▶ [Assignment]: Reproduce the whole of the records exactly, and make sure no picture is carried into the result.

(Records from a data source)
────────────────────────────────────────

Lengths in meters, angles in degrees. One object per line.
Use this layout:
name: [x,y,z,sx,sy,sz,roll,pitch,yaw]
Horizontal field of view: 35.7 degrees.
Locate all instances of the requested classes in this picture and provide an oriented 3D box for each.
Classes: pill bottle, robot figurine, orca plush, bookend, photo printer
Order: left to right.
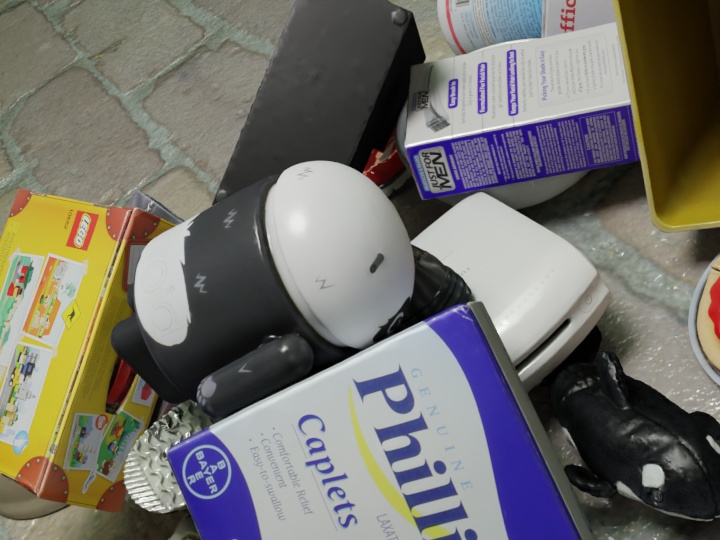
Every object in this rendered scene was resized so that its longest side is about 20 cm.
robot figurine: [-0.060,0.014,0.706,0.198,0.124,0.152,-25,71,24]
bookend: [-0.027,-0.126,0.959,0.200,0.091,0.201,-14,-52,-83]
photo printer: [0.083,0.030,0.829,0.166,0.070,0.200,-40,25,-2]
pill bottle: [0.183,-0.271,1.114,0.198,0.109,0.109,1,46,40]
orca plush: [0.169,0.076,0.708,0.104,0.072,0.200,-11,23,3]

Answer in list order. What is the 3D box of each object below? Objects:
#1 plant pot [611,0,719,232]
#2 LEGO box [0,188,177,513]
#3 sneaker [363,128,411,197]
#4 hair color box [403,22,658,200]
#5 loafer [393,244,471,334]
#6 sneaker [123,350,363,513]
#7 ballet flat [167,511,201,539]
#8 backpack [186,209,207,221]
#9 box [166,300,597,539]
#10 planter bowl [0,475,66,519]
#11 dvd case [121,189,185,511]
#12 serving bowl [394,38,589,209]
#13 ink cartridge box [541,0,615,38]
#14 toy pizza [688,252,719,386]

────────────────────────────────────────

▶ [Written solution]:
Lengths in meters, angles in degrees. One object per line.
Use this layout:
name: [x,y,z,sx,sy,sz,roll,pitch,yaw]
Horizontal field of view: 35.7 degrees.
Locate all instances of the requested classes in this picture and provide an oriented 3D box for each.
Classes: pill bottle, robot figurine, orca plush, bookend, photo printer
Order: left to right.
Every object in this rendered scene was resized so that its longest side is about 20 cm.
robot figurine: [-0.060,0.014,0.706,0.198,0.124,0.152,-25,71,24]
bookend: [-0.027,-0.126,0.959,0.200,0.091,0.201,-14,-52,-83]
photo printer: [0.083,0.030,0.829,0.166,0.070,0.200,-40,25,-2]
pill bottle: [0.183,-0.271,1.114,0.198,0.109,0.109,1,46,40]
orca plush: [0.169,0.076,0.708,0.104,0.072,0.200,-11,23,3]

Answer in list order. What is the 3D box of each object below? Objects:
#1 plant pot [611,0,719,232]
#2 LEGO box [0,188,177,513]
#3 sneaker [363,128,411,197]
#4 hair color box [403,22,658,200]
#5 loafer [393,244,471,334]
#6 sneaker [123,350,363,513]
#7 ballet flat [167,511,201,539]
#8 backpack [186,209,207,221]
#9 box [166,300,597,539]
#10 planter bowl [0,475,66,519]
#11 dvd case [121,189,185,511]
#12 serving bowl [394,38,589,209]
#13 ink cartridge box [541,0,615,38]
#14 toy pizza [688,252,719,386]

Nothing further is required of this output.